HISTÓRIAS

O Desafio Noturno do Felino.

O gato dormia com a minha esposa. Apoiava-se nas costas dela e me afastava a patadas. Pela manhã, me lançava um olhar descarado e cheio de deboche. Eu protestava, claro, mas não adiantava nada. Ele era o mimado da casa. O “docinho” e o “meu céu” dela. Minha esposa ria, achava tudo engraçadíssimo. Eu… nem tanto.

Para esse “docinho”, fritávamos peixinhos especialmente selecionados. Tirávamos cada espinha com cuidado, e a pele crocante era colocada ao lado dos pedaços macios e ainda fumegantes no pratinho do senhor felino.

Ele me observava com uma expressão cínica que parecia dizer:
“O fracassado aqui é você. O dono e senhor sou eu.”

Para mim, restavam as sobras — aquelas que o malandro deixava de lado com desprezo. E ele fazia isso de propósito, só para me provocar. Eu revidava do jeito que podia: empurrava ele para longe do prato ou o tirava do sofá com um empurrão. Era uma guerra sem trégua.

Às vezes, eu encontrava “presentinhos” dentro dos meus sapatos. Minha esposa, entre risos, dizia:
— Não provoca ele… você merece!

E fazia carinho no seu “tesourinho”. O gato me olhava com ar de rei. Eu apenas suspirava. O que fazer? Minha esposa era única, então eu aguentava tudo calado.

Mas naquela manhã…

Enquanto me preparava para o trabalho, um grito agudo ecoou pelo corredor. Corri e vi seis quilos de pelos eriçados, garras afiadas e puro mau humor investindo contra minha esposa como um touro diante de um capote vermelho.

Quando me viu, a fera saltou direto no meu peito, me jogando ao chão. Peguei uma cadeira como escudo, arrastei minha esposa até o quarto e batemos a porta com força. O gato bateu numa das pernas da cadeira e soltou um miado choroso.

Mas não desistiu. Continuou tentando atacar, determinado, até que conseguimos nos trancar. Ouvíamos seus rosnados enquanto passávamos álcool e iodo nos arranhões que tínhamos pelo corpo.

Minha esposa ligou para o trabalho:
— O gato enlouqueceu. Estamos indo para o hospital.

Contei a mesma coisa ao meu chefe. Mas, de repente…

Um estrondo sacudiu o prédio.
Os vidros da cozinha estilhaçaram, o espelho do banheiro se quebrou. O telefone escapou das minhas mãos. Um silêncio sepulcral tomou conta da casa. Esquecendo o gato, corremos até a cozinha e olhamos pela janela.

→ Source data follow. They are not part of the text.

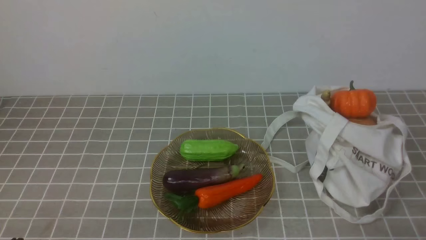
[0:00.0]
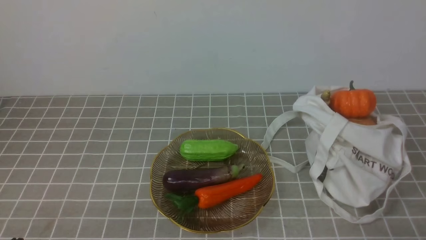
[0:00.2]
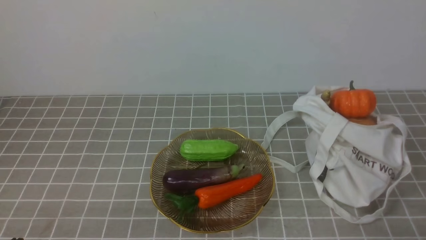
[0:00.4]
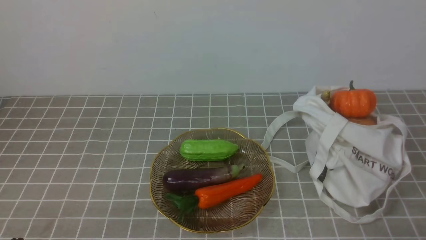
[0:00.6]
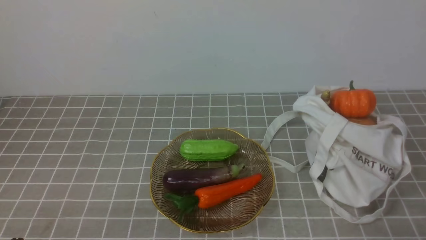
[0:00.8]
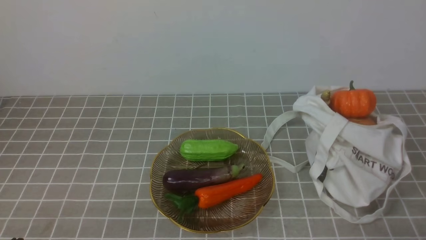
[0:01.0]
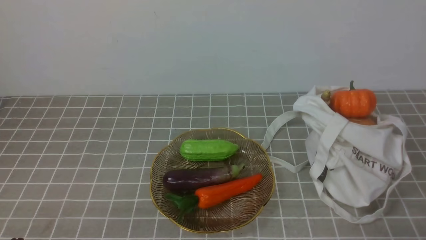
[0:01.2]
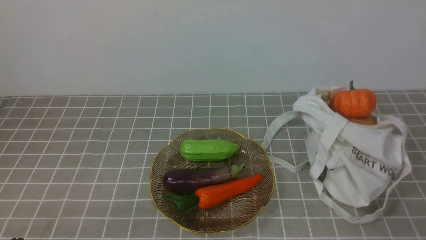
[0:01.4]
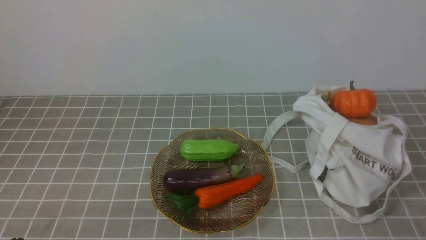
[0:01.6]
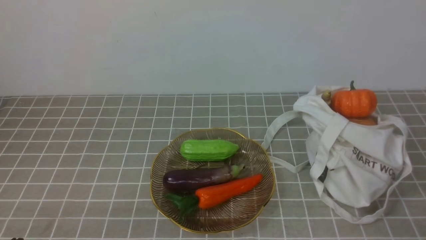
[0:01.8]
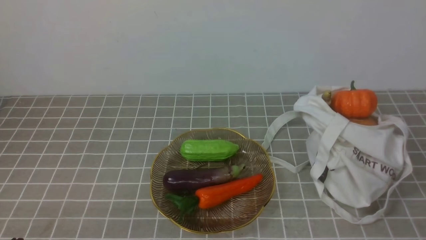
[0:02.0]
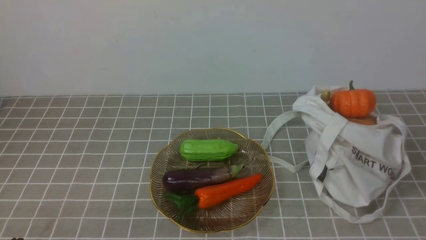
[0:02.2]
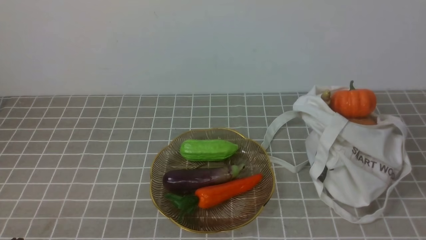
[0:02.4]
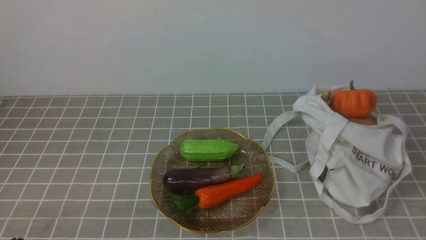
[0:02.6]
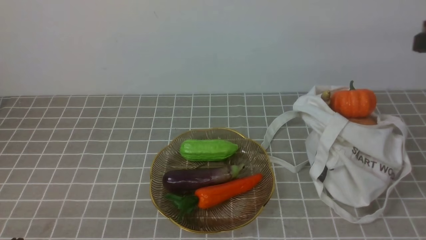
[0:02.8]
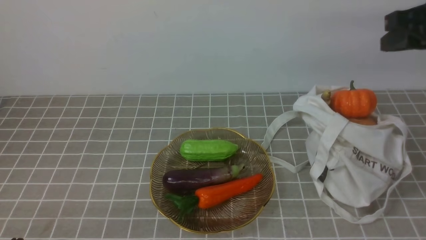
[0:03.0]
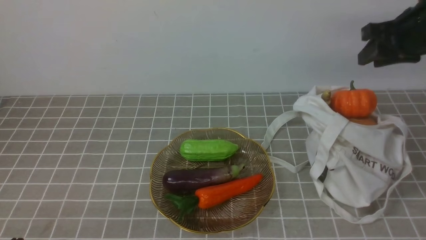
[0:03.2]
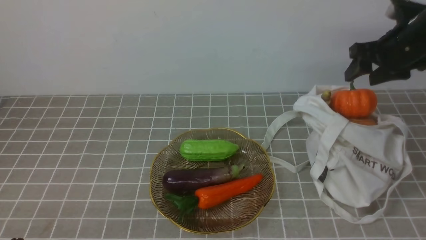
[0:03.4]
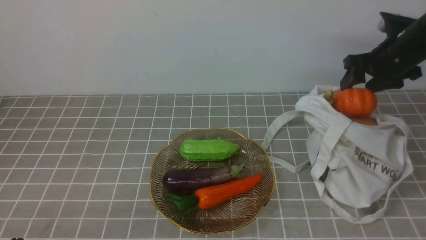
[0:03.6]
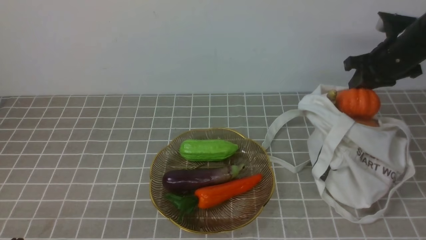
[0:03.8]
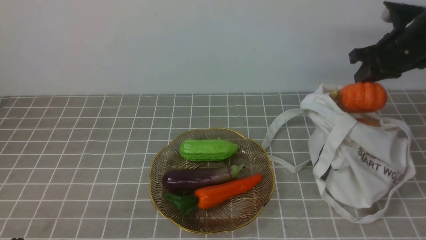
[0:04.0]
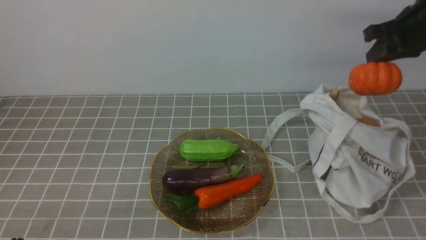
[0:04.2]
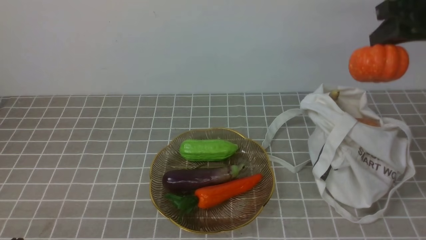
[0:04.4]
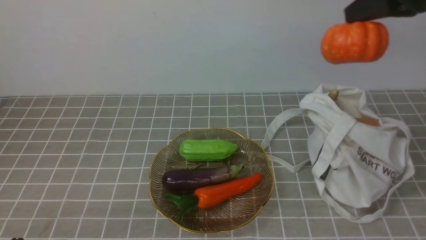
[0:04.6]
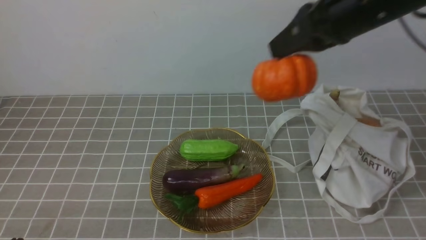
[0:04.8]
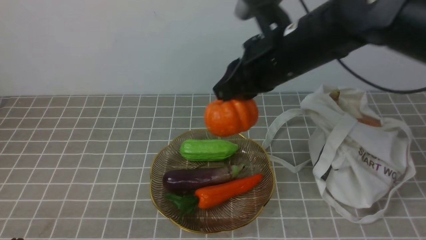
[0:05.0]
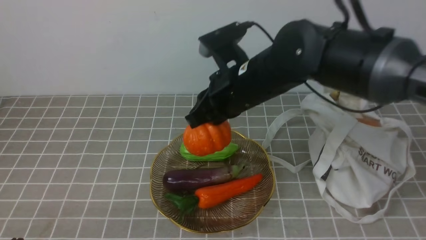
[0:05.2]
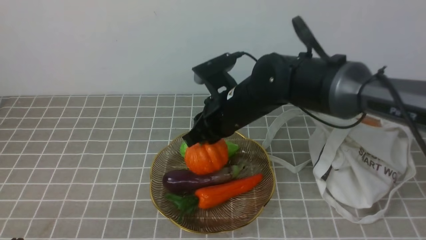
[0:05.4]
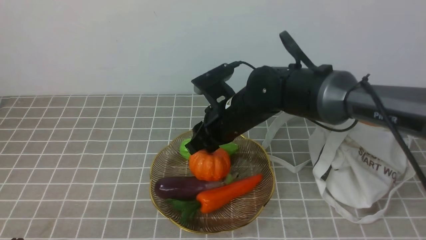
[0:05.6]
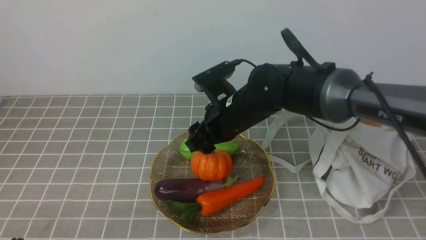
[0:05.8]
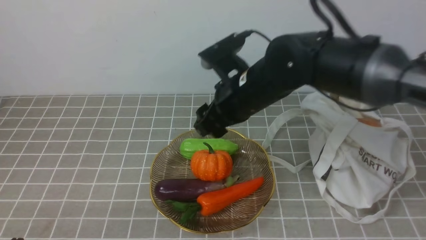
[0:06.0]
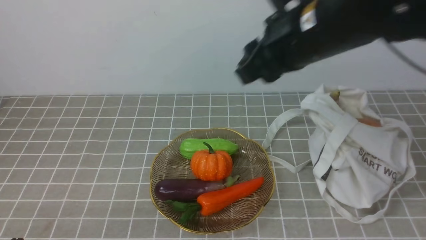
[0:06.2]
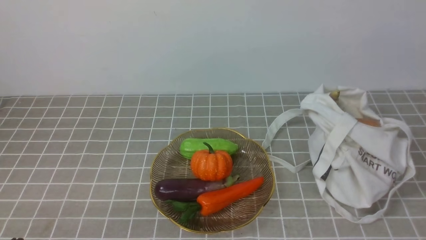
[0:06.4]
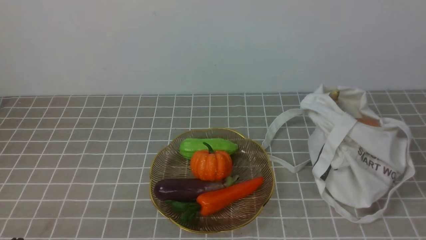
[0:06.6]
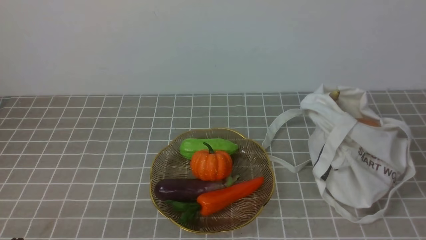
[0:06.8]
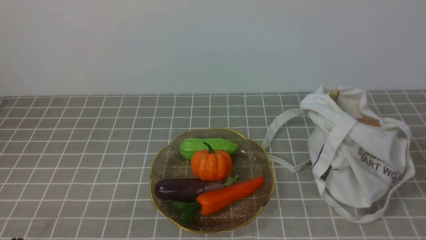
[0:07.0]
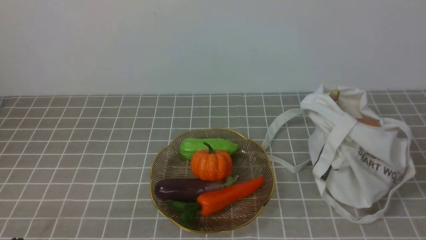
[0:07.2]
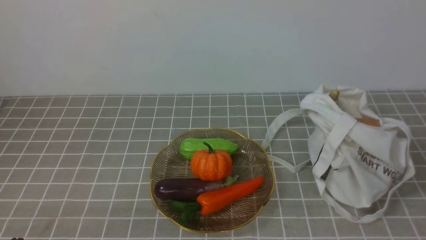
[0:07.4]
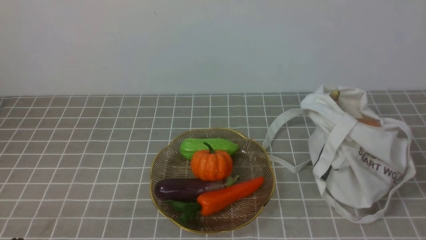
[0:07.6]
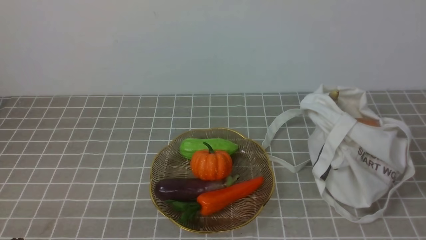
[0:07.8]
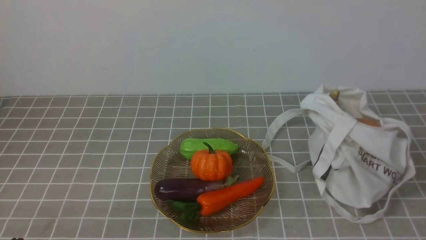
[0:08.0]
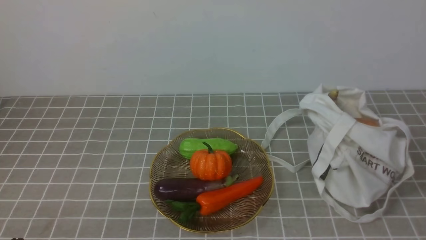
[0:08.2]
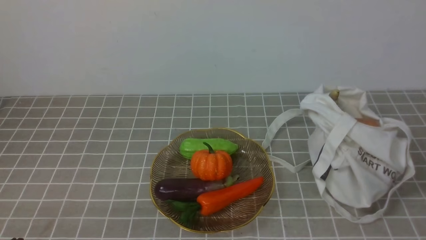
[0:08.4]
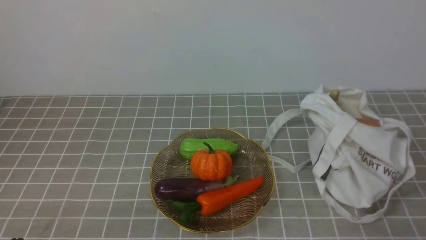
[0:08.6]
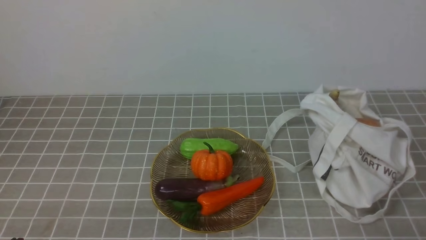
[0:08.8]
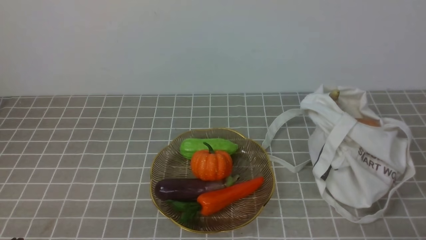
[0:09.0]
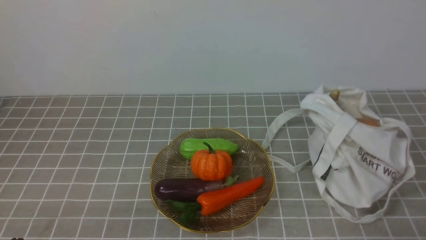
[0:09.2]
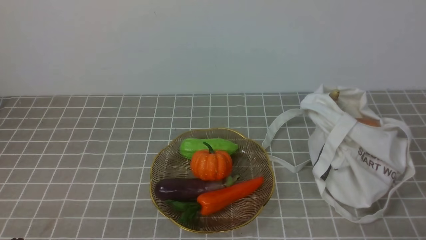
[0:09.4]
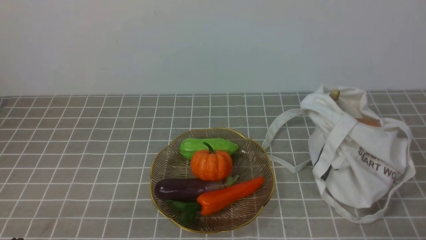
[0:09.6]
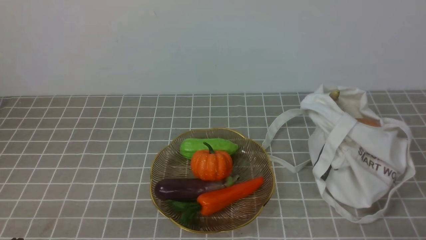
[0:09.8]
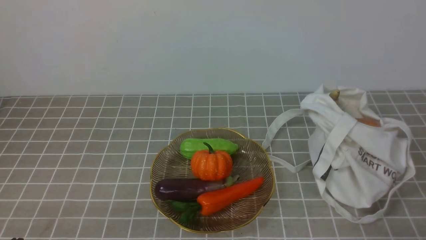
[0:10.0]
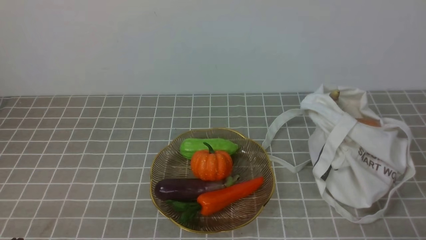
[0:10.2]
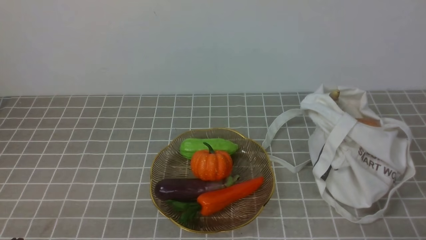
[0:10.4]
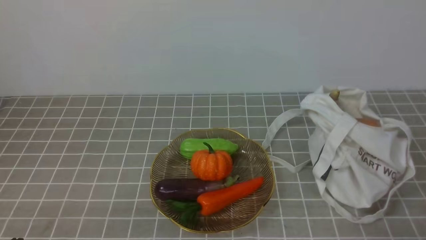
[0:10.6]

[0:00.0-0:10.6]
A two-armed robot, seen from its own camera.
Task of the whole recording: take vegetables from bag on grey coffee tablecloth place on plate.
Step, 0.0 to 3.8 s: Grasp the pumpkin with right gripper.
Step, 4.0 to 6.0 s: Place the pumpkin on the plate with right gripper.
1.6 to 3.0 s: The right gripper goes some 35 cm forward and upward, and opens up.
3.0 to 4.6 s: The right gripper is displaced to the left by approximately 10 cm, travels downward and back again, about 10 cm each way, and opens, then closes again.
4.6 to 6.0 s: The right gripper heads to the left and downward, covering about 20 cm, and opens.
6.0 to 7.6 s: The right gripper goes approximately 40 cm backward and to the right, and closes its fingers.
9.0 to 10.6 s: Both grippers stay put.

Bem em frente ao prédio, havia uma cratera fumegante. Restos de uma van de gás capotada estavam espalhados por toda parte. Carros destruídos giravam as rodas para o alto, como tartarugas viradas de barriga. Ao longe, sirenes gritavam.

Atordoados, olhamos para o gato. Encolhido num canto, ele segurava a pata dianteira, visivelmente quebrada, e miava baixinho.

Minha esposa o abraçou com força. Peguei as chaves do carro e descemos os sete andares às pressas. Nosso carro, estacionado nos fundos, nos levou voando até o veterinário. Eu sentia um nó apertado no estômago.

Uma hora depois, minha esposa saía da clínica com nosso “tesouro” nos braços. A pata enfaixada, ele recebia carinhos e olhares encantados dos outros donos de pets. Ao saberem da história, todos se aproximaram para afagá-lo, como se fosse um herói felino.

De volta em casa, minha esposa preparou o peixe favorito dele: sem espinhas, com a pele crocante servida em seu prato. Para mim, como sempre, as sobras.

O gato, mancando, se aproximou da comida. Tentou me lançar seu clássico olhar de desprezo… mas só conseguiu uma careta de dor.
Coloquei minha porção no prato dele, limpa, sem espinhas.

Ele me olhou, surpreso. Levantou a pata machucada e miou baixinho, de forma quase tímida.

Eu o peguei no colo e sussurrei:
— Talvez eu seja mesmo um fracassado. Mas com uma mulher como você e um gato como esse… sou o homem mais sortudo do mundo.

Beijei o focinho dele. Ele ronronou e esfregou a cabeça na minha bochecha.

Ao colocá-lo de volta no chão, ele começou a comer, com dificuldade. Minha esposa e eu, abraçados, sorrimos ao vê-lo ali, vivo, lutando, presente.

Desde aquele dia, o gato passou a dormir ao meu lado. Ele me encara todas as noites, como quem guarda um segredo. E eu só peço a Deus uma coisa: que me conceda anos de vida para continuar tendo os dois comigo.

Nada mais importa.
Palavra de honra.
Porque é exatamente isso o que chamam de felicidade verdadeira.